WHAT YOU ARE ASKED TO DO: Show all lines from the data that include the word "subsidieplafond".

════════

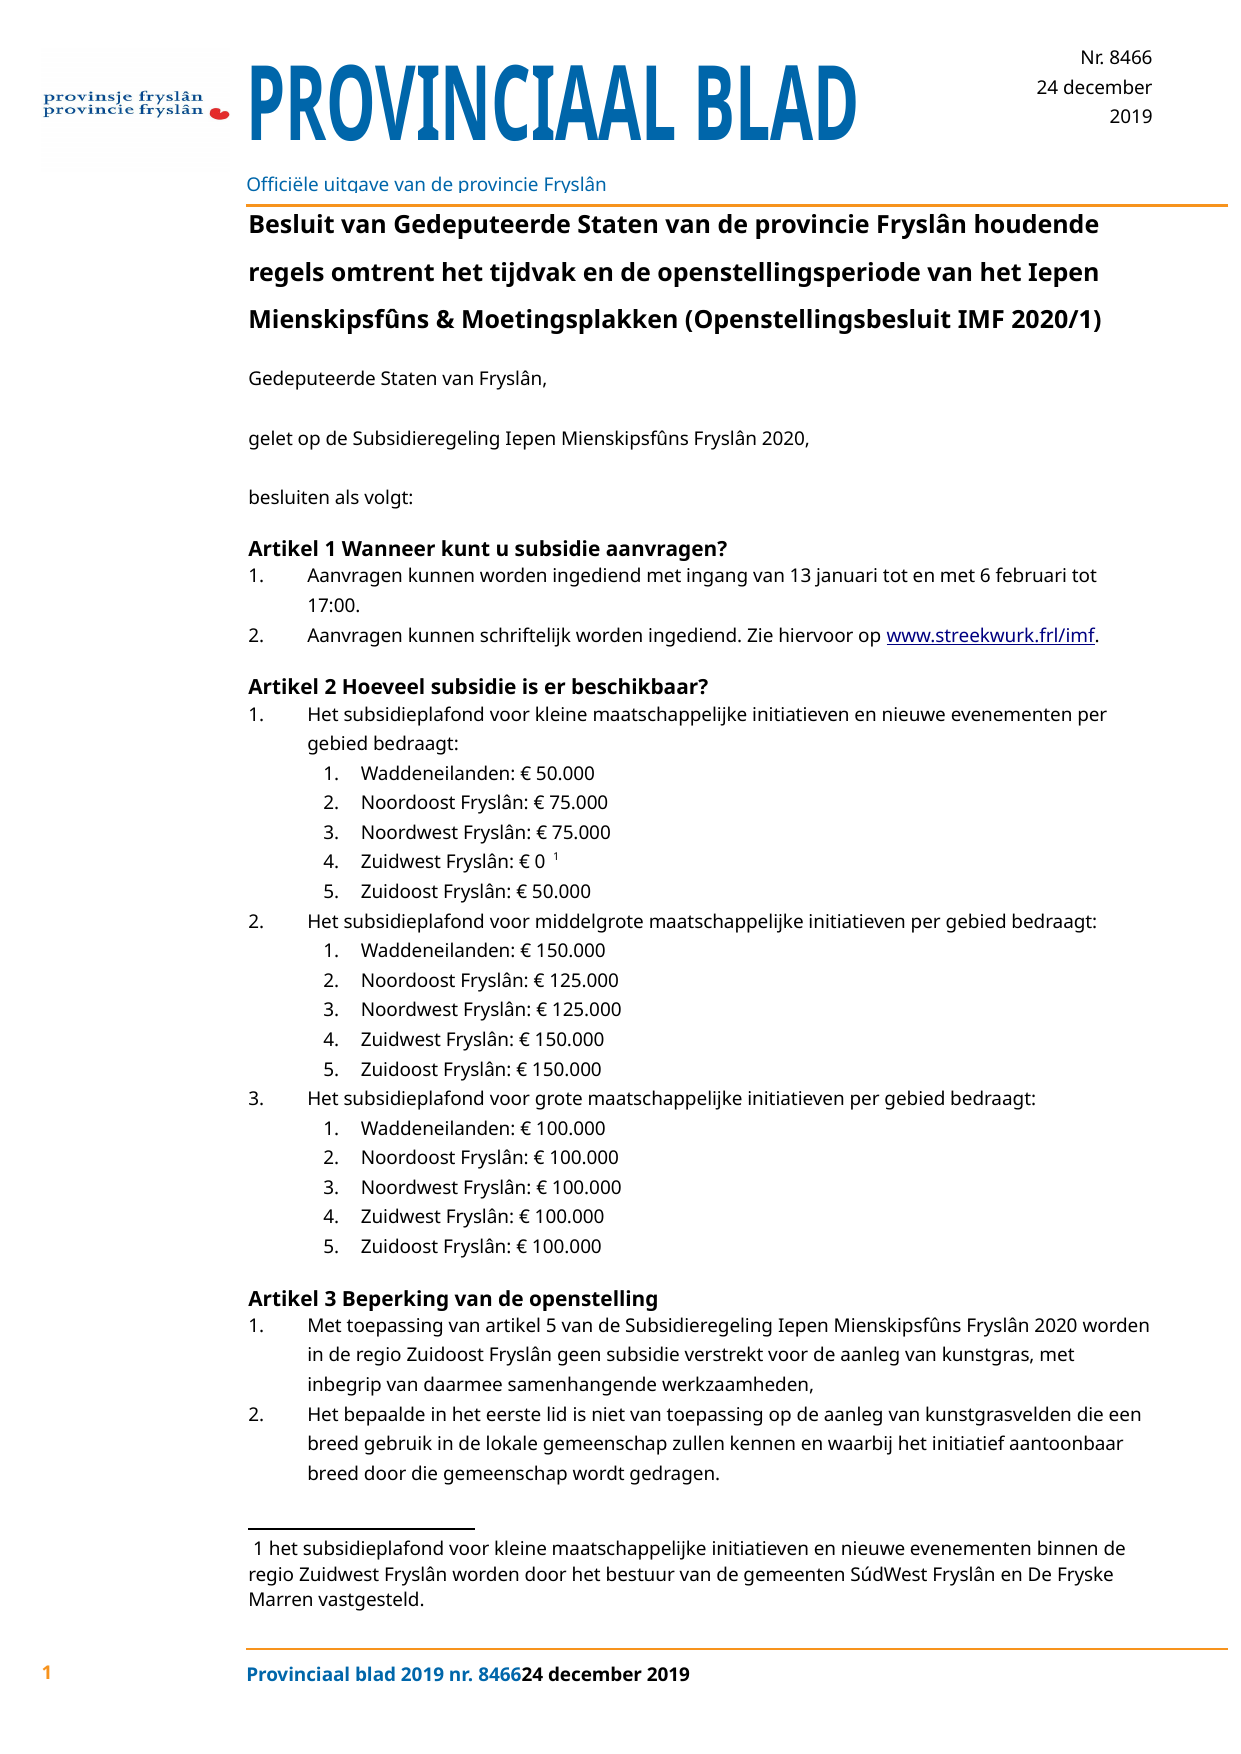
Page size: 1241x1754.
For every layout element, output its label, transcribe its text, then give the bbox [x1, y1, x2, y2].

text Artikel 3 Beperking van de openstelling [248, 1284, 1152, 1312]
text besluiten als volgt: [248, 484, 1152, 509]
picture [41, 47, 231, 172]
text Artikel 1 Wanneer kunt u subsidie aanvragen? [248, 534, 1152, 563]
list Noordoost Fryslân: € 75.000 [323, 789, 1152, 815]
list het subsidieplafond voor kleine maatschappelijke initiatieven en nieuwe evenementen binnen de regio Zuidwest Fryslân worden door het bestuur van de gemeenten SúdWest Fryslân en De Fryske Marren vastgesteld. [248, 1535, 1152, 1612]
list Noordoost Fryslân: € 100.000 [323, 1144, 1152, 1170]
list Noordwest Fryslân: € 75.000 [323, 819, 1152, 845]
list Het subsidieplafond voor middelgrote maatschappelijke initiatieven per gebied bedraagt: [248, 908, 1152, 933]
list Waddeneilanden: € 150.000 [323, 937, 1152, 963]
list Zuidoost Fryslân: € 150.000 [323, 1056, 1152, 1081]
text gelet op de Subsidieregeling Iepen Mienskipsfûns Fryslân 2020, [248, 425, 1152, 450]
text Artikel 2 Hoeveel subsidie is er beschikbaar? [248, 672, 1152, 701]
list Waddeneilanden: € 50.000 [323, 760, 1152, 786]
list Noordoost Fryslân: € 125.000 [323, 967, 1152, 993]
list Waddeneilanden: € 100.000 [323, 1115, 1152, 1141]
list Aanvragen kunnen worden ingediend met ingang van 13 januari tot en met 6 februari tot 17:00. [248, 563, 1152, 618]
list Aanvragen kunnen schriftelijk worden ingediend. Zie hiervoor op www.streekwurk.frl/imf. [248, 622, 1152, 648]
list Zuidwest Fryslân: € 150.000 [323, 1026, 1152, 1052]
list Zuidoost Fryslân: € 50.000 [323, 878, 1152, 904]
list Het subsidieplafond voor grote maatschappelijke initiatieven per gebied bedraagt: [248, 1085, 1152, 1111]
list Zuidwest Fryslân: € 100.000 [323, 1204, 1152, 1229]
list Met toepassing van artikel 5 van de Subsidieregeling Iepen Mienskipsfûns Fryslân 2020 worden in de regio Zuidoost Fryslân geen subsidie verstrekt voor de aanleg van kunstgras, met inbegrip van daarmee samenhangende werkzaamheden, [248, 1312, 1152, 1397]
list Het bepaalde in het eerste lid is niet van toepassing op de aanleg van kunstgrasvelden die een breed gebruik in de lokale gemeenschap zullen kennen en waarbij het initiatief aantoonbaar breed door die gemeenschap wordt gedragen. [248, 1401, 1152, 1486]
list Noordwest Fryslân: € 100.000 [323, 1174, 1152, 1200]
list Het subsidieplafond voor kleine maatschappelijke initiatieven en nieuwe evenementen per gebied bedraagt: [248, 701, 1152, 756]
text Besluit van Gedeputeerde Staten van de provincie Fryslân houdende regels omtrent het tijdvak en de openstellingsperiode van het Iepen Mienskipsfûns & Moetingsplakken (Openstellingsbesluit IMF 2020/1) [248, 207, 1152, 336]
list Zuidoost Fryslân: € 100.000 [323, 1233, 1152, 1259]
list Zuidwest Fryslân: € 0 [323, 849, 1152, 874]
text Gedeputeerde Staten van Fryslân, [248, 366, 1152, 391]
list Noordwest Fryslân: € 125.000 [323, 997, 1152, 1022]
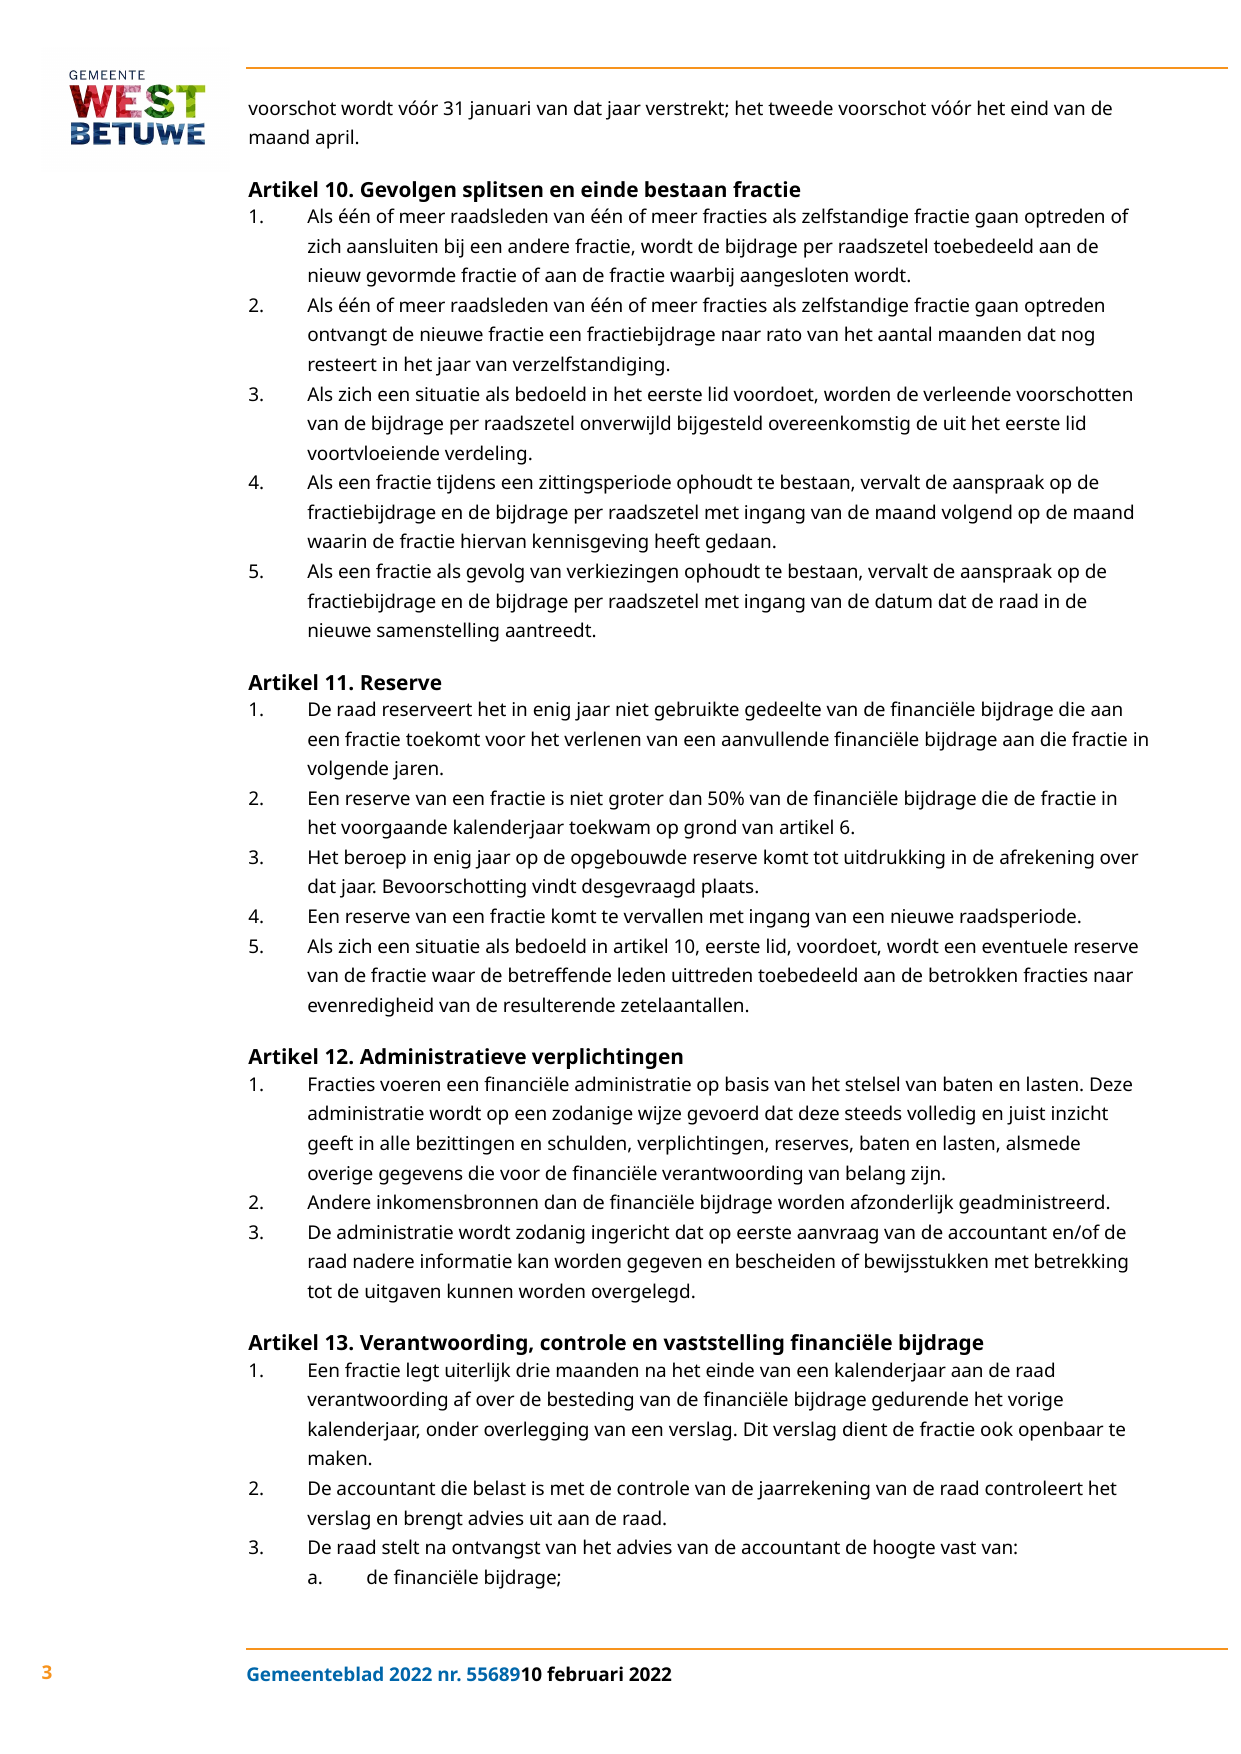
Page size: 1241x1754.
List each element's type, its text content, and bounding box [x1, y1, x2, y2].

list Als zich een situatie als bedoeld in artikel 10, eerste lid, voordoet, wordt een eventuele reserve van de fractie waar de betreffende leden uittreden toebedeeld aan de betrokken fracties naar evenredigheid van de resulterende zetelaantallen. [248, 933, 1152, 1018]
list Als een fractie tijdens een zittingsperiode ophoudt te bestaan, vervalt de aanspraak op de fractiebijdrage en de bijdrage per raadszetel met ingang van de maand volgend op de maand waarin de fractie hiervan kennisgeving heeft gedaan. [248, 469, 1152, 554]
list De accountant die belast is met de controle van de jaarrekening van de raad controleert het verslag en brengt advies uit aan de raad. [248, 1475, 1152, 1531]
list Als één of meer raadsleden van één of meer fracties als zelfstandige fractie gaan optreden of zich aansluiten bij een andere fractie, wordt de bijdrage per raadszetel toebedeeld aan de nieuw gevormde fractie of aan de fractie waarbij aangesloten wordt. [248, 203, 1152, 288]
list Een fractie legt uiterlijk drie maanden na het einde van een kalenderjaar aan de raad verantwoording af over de besteding van de financiële bijdrage gedurende het vorige kalenderjaar, onder overlegging van een verslag. Dit verslag dient de fractie ook openbaar te maken. [248, 1357, 1152, 1471]
text Artikel 10. Gevolgen splitsen en einde bestaan fractie [248, 175, 1152, 203]
list Als één of meer raadsleden van één of meer fracties als zelfstandige fractie gaan optreden ontvangt de nieuwe fractie een fractiebijdrage naar rato van het aantal maanden dat nog resteert in het jaar van verzelfstandiging. [248, 292, 1152, 377]
list Het beroep in enig jaar op de opgebouwde reserve komt tot uitdrukking in de afrekening over dat jaar. Bevoorschotting vindt desgevraagd plaats. [248, 844, 1152, 899]
list Een reserve van een fractie is niet groter dan 50% van de financiële bijdrage die de fractie in het voorgaande kalenderjaar toekwam op grond van artikel 6. [248, 785, 1152, 840]
text voorschot wordt vóór 31 januari van dat jaar verstrekt; het tweede voorschot vóór het eind van de maand april. [248, 95, 1152, 150]
text Artikel 13. Verantwoording, controle en vaststelling financiële bijdrage [248, 1328, 1152, 1357]
list Fracties voeren een financiële administratie op basis van het stelsel van baten en lasten. Deze administratie wordt op een zodanige wijze gevoerd dat deze steeds volledig en juist inzicht geeft in alle bezittingen en schulden, verplichtingen, reserves, baten en lasten, alsmede overige gegevens die voor de financiële verantwoording van belang zijn. [248, 1071, 1152, 1185]
list Als een fractie als gevolg van verkiezingen ophoudt te bestaan, vervalt de aanspraak op de fractiebijdrage en de bijdrage per raadszetel met ingang van de datum dat de raad in de nieuwe samenstelling aantreedt. [248, 558, 1152, 643]
picture [41, 47, 231, 172]
list De raad stelt na ontvangst van het advies van de accountant de hoogte vast van: [248, 1534, 1152, 1560]
text Artikel 12. Administratieve verplichtingen [248, 1042, 1152, 1071]
list Een reserve van een fractie komt te vervallen met ingang van een nieuwe raadsperiode. [248, 903, 1152, 929]
list De administratie wordt zodanig ingericht dat op eerste aanvraag van de accountant en/of de raad nadere informatie kan worden gegeven en bescheiden of bewijsstukken met betrekking tot de uitgaven kunnen worden overgelegd. [248, 1219, 1152, 1304]
list Andere inkomensbronnen dan de financiële bijdrage worden afzonderlijk geadministreerd. [248, 1189, 1152, 1215]
list Als zich een situatie als bedoeld in het eerste lid voordoet, worden de verleende voorschotten van de bijdrage per raadszetel onverwijld bijgesteld overeenkomstig de uit het eerste lid voortvloeiende verdeling. [248, 381, 1152, 466]
list De raad reserveert het in enig jaar niet gebruikte gedeelte van de financiële bijdrage die aan een fractie toekomt voor het verlenen van een aanvullende financiële bijdrage aan die fractie in volgende jaren. [248, 696, 1152, 781]
list de financiële bijdrage; [307, 1564, 1152, 1590]
text Artikel 11. Reserve [248, 668, 1152, 696]
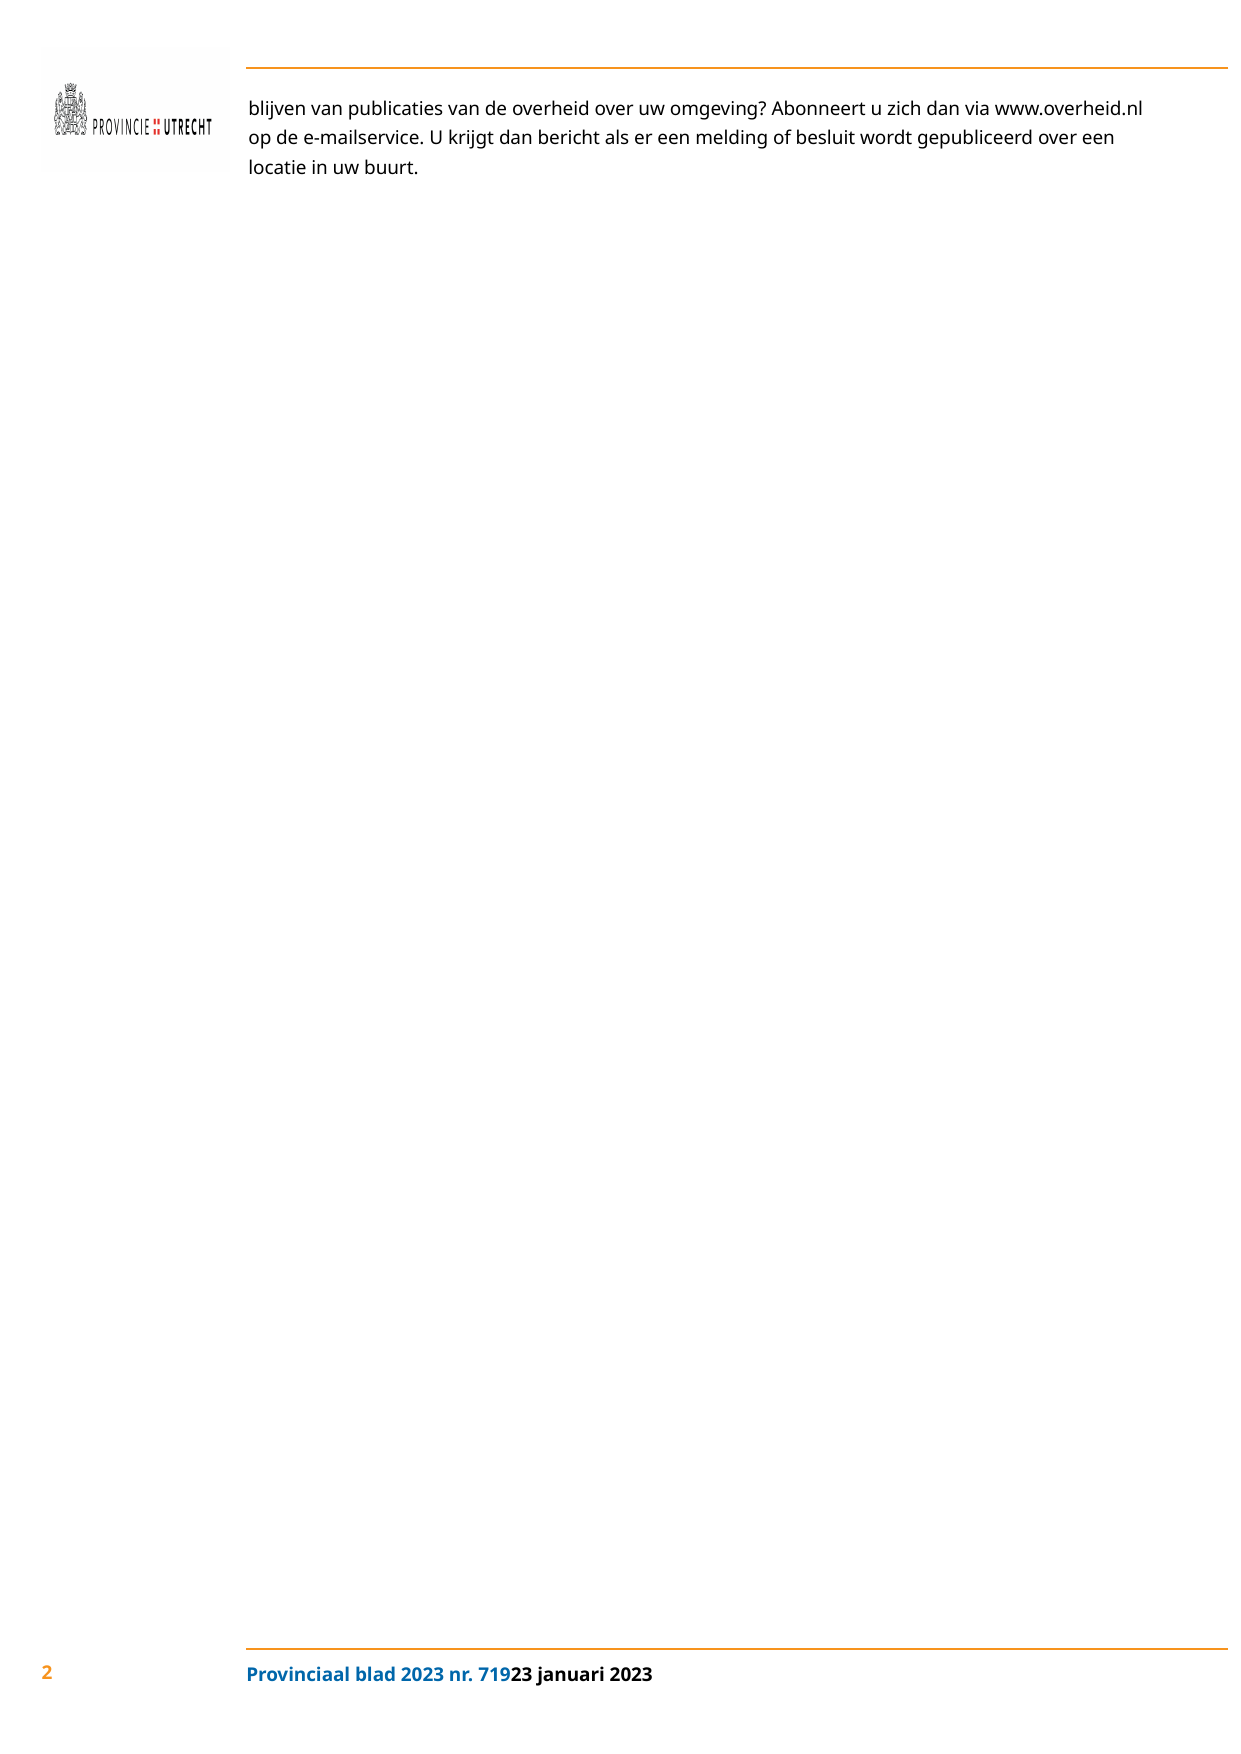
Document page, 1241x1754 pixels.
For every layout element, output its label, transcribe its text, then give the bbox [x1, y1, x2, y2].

text blijven van publicaties van de overheid over uw omgeving? Abonneert u zich dan via www.overheid.nl op de e-mailservice. U krijgt dan bericht als er een melding of besluit wordt gepubliceerd over een locatie in uw buurt. [248, 95, 1152, 180]
picture [41, 47, 231, 172]

════════

OUTPUT:
list het subsidieplafond voor kleine maatschappelijke initiatieven en nieuwe evenementen binnen de regio Zuidwest Fryslân worden door het bestuur van de gemeenten SúdWest Fryslân en De Fryske Marren vastgesteld. [248, 1535, 1152, 1612]
list Het subsidieplafond voor middelgrote maatschappelijke initiatieven per gebied bedraagt: [248, 908, 1152, 933]
list Het subsidieplafond voor grote maatschappelijke initiatieven per gebied bedraagt: [248, 1085, 1152, 1111]
list Het subsidieplafond voor kleine maatschappelijke initiatieven en nieuwe evenementen per gebied bedraagt: [248, 701, 1152, 756]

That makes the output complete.